* [EXERCISE INSTRUCTIONS]: Every line of the data below is to be duplicated exactly, pictures excepted.

* [DATASET CONTENT]:
************
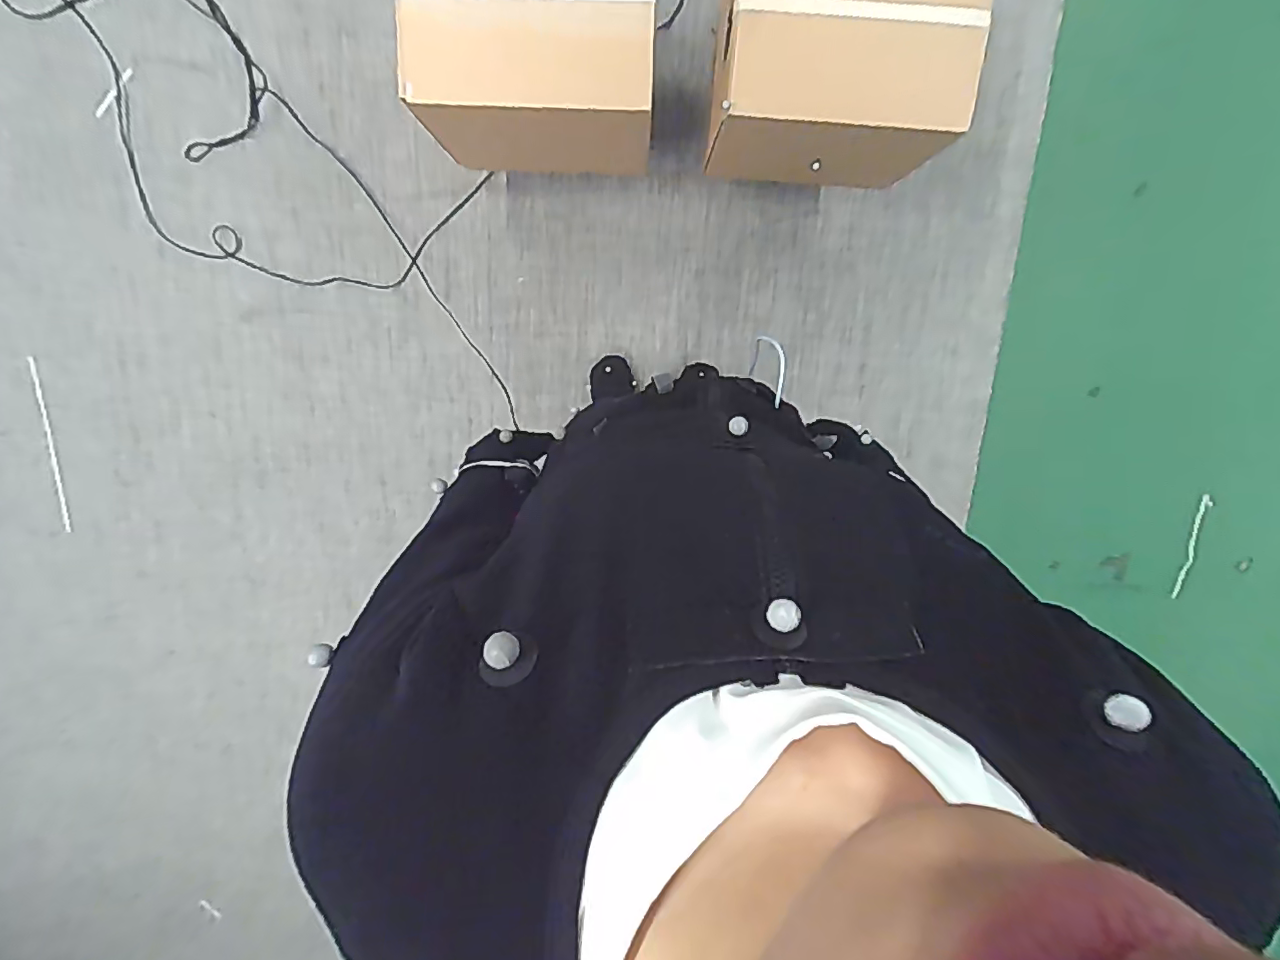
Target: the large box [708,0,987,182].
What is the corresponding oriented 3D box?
[{"bbox_3d":[0.356,-0.777,1.014,0.408,0.320,0.320,4,102,-1],"label":"large box"}]
************
* [ANSWER FOR THIS EXERCISE]:
Target: the large box [708,0,987,182].
What is the corresponding oriented 3D box?
[{"bbox_3d":[0.356,-0.777,1.014,0.408,0.320,0.320,4,102,-1],"label":"large box"}]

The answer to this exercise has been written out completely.